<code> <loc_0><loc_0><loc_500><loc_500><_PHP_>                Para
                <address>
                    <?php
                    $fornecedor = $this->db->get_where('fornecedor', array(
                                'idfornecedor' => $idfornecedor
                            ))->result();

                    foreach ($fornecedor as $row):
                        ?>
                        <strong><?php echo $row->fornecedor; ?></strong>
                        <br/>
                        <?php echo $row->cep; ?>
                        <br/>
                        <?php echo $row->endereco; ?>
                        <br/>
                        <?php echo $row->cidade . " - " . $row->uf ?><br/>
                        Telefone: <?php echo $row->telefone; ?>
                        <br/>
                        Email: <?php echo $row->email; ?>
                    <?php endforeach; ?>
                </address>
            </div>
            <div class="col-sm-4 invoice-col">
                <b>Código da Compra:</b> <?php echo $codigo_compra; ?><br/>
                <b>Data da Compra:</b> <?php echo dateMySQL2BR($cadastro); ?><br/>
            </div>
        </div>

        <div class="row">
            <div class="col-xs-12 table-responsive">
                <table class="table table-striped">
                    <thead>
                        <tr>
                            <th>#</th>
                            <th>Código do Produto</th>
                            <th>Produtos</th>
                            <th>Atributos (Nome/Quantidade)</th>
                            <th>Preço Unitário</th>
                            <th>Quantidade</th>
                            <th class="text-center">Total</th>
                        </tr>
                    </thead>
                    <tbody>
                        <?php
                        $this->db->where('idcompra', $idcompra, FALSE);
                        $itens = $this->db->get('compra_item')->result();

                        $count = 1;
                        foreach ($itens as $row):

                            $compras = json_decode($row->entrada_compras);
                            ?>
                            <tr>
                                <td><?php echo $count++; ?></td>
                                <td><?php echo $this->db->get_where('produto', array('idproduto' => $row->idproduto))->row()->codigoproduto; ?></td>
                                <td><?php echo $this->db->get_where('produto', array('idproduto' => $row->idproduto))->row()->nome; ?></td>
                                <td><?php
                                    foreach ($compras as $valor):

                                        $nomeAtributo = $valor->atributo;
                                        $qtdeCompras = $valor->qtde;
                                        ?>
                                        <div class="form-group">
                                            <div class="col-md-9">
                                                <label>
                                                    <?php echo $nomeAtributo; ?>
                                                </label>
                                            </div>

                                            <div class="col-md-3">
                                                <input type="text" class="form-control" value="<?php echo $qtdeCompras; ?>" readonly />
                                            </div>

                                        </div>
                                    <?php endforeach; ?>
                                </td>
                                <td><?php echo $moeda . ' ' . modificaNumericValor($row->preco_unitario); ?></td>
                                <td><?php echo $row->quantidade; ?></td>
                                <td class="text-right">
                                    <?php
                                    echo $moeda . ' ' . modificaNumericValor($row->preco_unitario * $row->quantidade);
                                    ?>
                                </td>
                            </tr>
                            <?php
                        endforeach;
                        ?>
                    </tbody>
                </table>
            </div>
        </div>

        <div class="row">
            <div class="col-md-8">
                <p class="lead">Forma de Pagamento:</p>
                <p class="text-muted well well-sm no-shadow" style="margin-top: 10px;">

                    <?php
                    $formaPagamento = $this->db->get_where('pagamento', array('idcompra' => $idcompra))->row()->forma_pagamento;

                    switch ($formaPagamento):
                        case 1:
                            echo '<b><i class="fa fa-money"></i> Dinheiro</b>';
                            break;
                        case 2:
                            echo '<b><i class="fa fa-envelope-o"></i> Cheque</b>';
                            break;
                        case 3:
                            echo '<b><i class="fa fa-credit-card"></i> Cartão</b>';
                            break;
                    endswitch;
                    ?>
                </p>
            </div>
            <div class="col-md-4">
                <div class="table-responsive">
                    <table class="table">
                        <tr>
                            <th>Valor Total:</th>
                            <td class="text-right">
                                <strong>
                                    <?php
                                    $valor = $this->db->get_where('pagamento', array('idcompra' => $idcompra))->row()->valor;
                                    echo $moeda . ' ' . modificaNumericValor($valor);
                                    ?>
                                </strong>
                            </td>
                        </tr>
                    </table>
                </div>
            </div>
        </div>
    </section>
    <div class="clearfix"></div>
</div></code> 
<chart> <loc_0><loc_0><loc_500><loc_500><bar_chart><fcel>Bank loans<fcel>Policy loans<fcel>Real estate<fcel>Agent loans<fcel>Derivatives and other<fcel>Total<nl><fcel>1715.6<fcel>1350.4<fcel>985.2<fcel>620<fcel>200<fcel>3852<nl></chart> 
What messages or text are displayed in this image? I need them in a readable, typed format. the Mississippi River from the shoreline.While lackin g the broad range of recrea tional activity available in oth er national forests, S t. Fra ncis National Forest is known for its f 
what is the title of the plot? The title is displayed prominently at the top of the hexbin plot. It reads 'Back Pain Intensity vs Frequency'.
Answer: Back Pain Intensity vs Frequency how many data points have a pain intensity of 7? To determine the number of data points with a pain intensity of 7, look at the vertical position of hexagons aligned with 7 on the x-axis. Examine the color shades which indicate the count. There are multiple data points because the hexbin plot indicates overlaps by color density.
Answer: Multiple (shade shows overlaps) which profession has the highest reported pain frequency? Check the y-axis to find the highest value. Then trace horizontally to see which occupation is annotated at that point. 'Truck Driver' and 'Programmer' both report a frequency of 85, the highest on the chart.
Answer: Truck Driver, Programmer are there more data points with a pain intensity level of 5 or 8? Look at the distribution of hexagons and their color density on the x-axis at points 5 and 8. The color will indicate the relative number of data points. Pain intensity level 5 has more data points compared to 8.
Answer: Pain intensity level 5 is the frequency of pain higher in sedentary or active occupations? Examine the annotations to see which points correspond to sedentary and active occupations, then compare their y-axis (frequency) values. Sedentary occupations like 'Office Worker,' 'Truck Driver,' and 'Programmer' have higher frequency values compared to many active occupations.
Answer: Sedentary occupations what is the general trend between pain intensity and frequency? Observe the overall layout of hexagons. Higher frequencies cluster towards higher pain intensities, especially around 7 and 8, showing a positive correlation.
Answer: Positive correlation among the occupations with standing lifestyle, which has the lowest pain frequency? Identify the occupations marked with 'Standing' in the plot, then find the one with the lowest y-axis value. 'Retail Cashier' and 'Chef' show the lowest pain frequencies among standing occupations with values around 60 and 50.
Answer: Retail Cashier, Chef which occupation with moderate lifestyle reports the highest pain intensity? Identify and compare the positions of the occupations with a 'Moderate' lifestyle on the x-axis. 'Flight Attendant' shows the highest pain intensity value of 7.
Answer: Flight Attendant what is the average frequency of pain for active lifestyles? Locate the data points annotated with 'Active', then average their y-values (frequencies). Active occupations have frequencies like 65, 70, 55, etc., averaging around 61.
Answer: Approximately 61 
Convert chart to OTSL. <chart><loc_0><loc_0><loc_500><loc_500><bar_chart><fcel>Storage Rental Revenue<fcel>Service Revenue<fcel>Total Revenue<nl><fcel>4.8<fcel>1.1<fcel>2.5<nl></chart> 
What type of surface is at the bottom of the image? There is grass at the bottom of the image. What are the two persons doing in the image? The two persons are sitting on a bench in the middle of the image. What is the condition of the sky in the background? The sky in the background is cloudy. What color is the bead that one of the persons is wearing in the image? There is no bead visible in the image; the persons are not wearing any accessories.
=====
** Work to be completed **
The records above, in their entirety, need to be set down again exactly.

** Task solution **
<code> <loc_0><loc_0><loc_500><loc_500><_PHP_>                Para
                <address>
                    <?php
                    $fornecedor = $this->db->get_where('fornecedor', array(
                                'idfornecedor' => $idfornecedor
                            ))->result();

                    foreach ($fornecedor as $row):
                        ?>
                        <strong><?php echo $row->fornecedor; ?></strong>
                        <br/>
                        <?php echo $row->cep; ?>
                        <br/>
                        <?php echo $row->endereco; ?>
                        <br/>
                        <?php echo $row->cidade . " - " . $row->uf ?><br/>
                        Telefone: <?php echo $row->telefone; ?>
                        <br/>
                        Email: <?php echo $row->email; ?>
                    <?php endforeach; ?>
                </address>
            </div>
            <div class="col-sm-4 invoice-col">
                <b>Código da Compra:</b> <?php echo $codigo_compra; ?><br/>
                <b>Data da Compra:</b> <?php echo dateMySQL2BR($cadastro); ?><br/>
            </div>
        </div>

        <div class="row">
            <div class="col-xs-12 table-responsive">
                <table class="table table-striped">
                    <thead>
                        <tr>
                            <th>#</th>
                            <th>Código do Produto</th>
                            <th>Produtos</th>
                            <th>Atributos (Nome/Quantidade)</th>
                            <th>Preço Unitário</th>
                            <th>Quantidade</th>
                            <th class="text-center">Total</th>
                        </tr>
                    </thead>
                    <tbody>
                        <?php
                        $this->db->where('idcompra', $idcompra, FALSE);
                        $itens = $this->db->get('compra_item')->result();

                        $count = 1;
                        foreach ($itens as $row):

                            $compras = json_decode($row->entrada_compras);
                            ?>
                            <tr>
                                <td><?php echo $count++; ?></td>
                                <td><?php echo $this->db->get_where('produto', array('idproduto' => $row->idproduto))->row()->codigoproduto; ?></td>
                                <td><?php echo $this->db->get_where('produto', array('idproduto' => $row->idproduto))->row()->nome; ?></td>
                                <td><?php
                                    foreach ($compras as $valor):

                                        $nomeAtributo = $valor->atributo;
                                        $qtdeCompras = $valor->qtde;
                                        ?>
                                        <div class="form-group">
                                            <div class="col-md-9">
                                                <label>
                                                    <?php echo $nomeAtributo; ?>
                                                </label>
                                            </div>

                                            <div class="col-md-3">
                                                <input type="text" class="form-control" value="<?php echo $qtdeCompras; ?>" readonly />
                                            </div>

                                        </div>
                                    <?php endforeach; ?>
                                </td>
                                <td><?php echo $moeda . ' ' . modificaNumericValor($row->preco_unitario); ?></td>
                                <td><?php echo $row->quantidade; ?></td>
                                <td class="text-right">
                                    <?php
                                    echo $moeda . ' ' . modificaNumericValor($row->preco_unitario * $row->quantidade);
                                    ?>
                                </td>
                            </tr>
                            <?php
                        endforeach;
                        ?>
                    </tbody>
                </table>
            </div>
        </div>

        <div class="row">
            <div class="col-md-8">
                <p class="lead">Forma de Pagamento:</p>
                <p class="text-muted well well-sm no-shadow" style="margin-top: 10px;">

                    <?php
                    $formaPagamento = $this->db->get_where('pagamento', array('idcompra' => $idcompra))->row()->forma_pagamento;

                    switch ($formaPagamento):
                        case 1:
                            echo '<b><i class="fa fa-money"></i> Dinheiro</b>';
                            break;
                        case 2:
                            echo '<b><i class="fa fa-envelope-o"></i> Cheque</b>';
                            break;
                        case 3:
                            echo '<b><i class="fa fa-credit-card"></i> Cartão</b>';
                            break;
                    endswitch;
                    ?>
                </p>
            </div>
            <div class="col-md-4">
                <div class="table-responsive">
                    <table class="table">
                        <tr>
                            <th>Valor Total:</th>
                            <td class="text-right">
                                <strong>
                                    <?php
                                    $valor = $this->db->get_where('pagamento', array('idcompra' => $idcompra))->row()->valor;
                                    echo $moeda . ' ' . modificaNumericValor($valor);
                                    ?>
                                </strong>
                            </td>
                        </tr>
                    </table>
                </div>
            </div>
        </div>
    </section>
    <div class="clearfix"></div>
</div></code> 
<chart> <loc_0><loc_0><loc_500><loc_500><bar_chart><fcel>Bank loans<fcel>Policy loans<fcel>Real estate<fcel>Agent loans<fcel>Derivatives and other<fcel>Total<nl><fcel>1715.6<fcel>1350.4<fcel>985.2<fcel>620<fcel>200<fcel>3852<nl></chart> 
What messages or text are displayed in this image? I need them in a readable, typed format. the Mississippi River from the shoreline.While lackin g the broad range of recrea tional activity available in oth er national forests, S t. Fra ncis National Forest is known for its f 
what is the title of the plot? The title is displayed prominently at the top of the hexbin plot. It reads 'Back Pain Intensity vs Frequency'.
Answer: Back Pain Intensity vs Frequency how many data points have a pain intensity of 7? To determine the number of data points with a pain intensity of 7, look at the vertical position of hexagons aligned with 7 on the x-axis. Examine the color shades which indicate the count. There are multiple data points because the hexbin plot indicates overlaps by color density.
Answer: Multiple (shade shows overlaps) which profession has the highest reported pain frequency? Check the y-axis to find the highest value. Then trace horizontally to see which occupation is annotated at that point. 'Truck Driver' and 'Programmer' both report a frequency of 85, the highest on the chart.
Answer: Truck Driver, Programmer are there more data points with a pain intensity level of 5 or 8? Look at the distribution of hexagons and their color density on the x-axis at points 5 and 8. The color will indicate the relative number of data points. Pain intensity level 5 has more data points compared to 8.
Answer: Pain intensity level 5 is the frequency of pain higher in sedentary or active occupations? Examine the annotations to see which points correspond to sedentary and active occupations, then compare their y-axis (frequency) values. Sedentary occupations like 'Office Worker,' 'Truck Driver,' and 'Programmer' have higher frequency values compared to many active occupations.
Answer: Sedentary occupations what is the general trend between pain intensity and frequency? Observe the overall layout of hexagons. Higher frequencies cluster towards higher pain intensities, especially around 7 and 8, showing a positive correlation.
Answer: Positive correlation among the occupations with standing lifestyle, which has the lowest pain frequency? Identify the occupations marked with 'Standing' in the plot, then find the one with the lowest y-axis value. 'Retail Cashier' and 'Chef' show the lowest pain frequencies among standing occupations with values around 60 and 50.
Answer: Retail Cashier, Chef which occupation with moderate lifestyle reports the highest pain intensity? Identify and compare the positions of the occupations with a 'Moderate' lifestyle on the x-axis. 'Flight Attendant' shows the highest pain intensity value of 7.
Answer: Flight Attendant what is the average frequency of pain for active lifestyles? Locate the data points annotated with 'Active', then average their y-values (frequencies). Active occupations have frequencies like 65, 70, 55, etc., averaging around 61.
Answer: Approximately 61 
Convert chart to OTSL. <chart><loc_0><loc_0><loc_500><loc_500><bar_chart><fcel>Storage Rental Revenue<fcel>Service Revenue<fcel>Total Revenue<nl><fcel>4.8<fcel>1.1<fcel>2.5<nl></chart> 
What type of surface is at the bottom of the image? There is grass at the bottom of the image. What are the two persons doing in the image? The two persons are sitting on a bench in the middle of the image. What is the condition of the sky in the background? The sky in the background is cloudy. What color is the bead that one of the persons is wearing in the image? There is no bead visible in the image; the persons are not wearing any accessories.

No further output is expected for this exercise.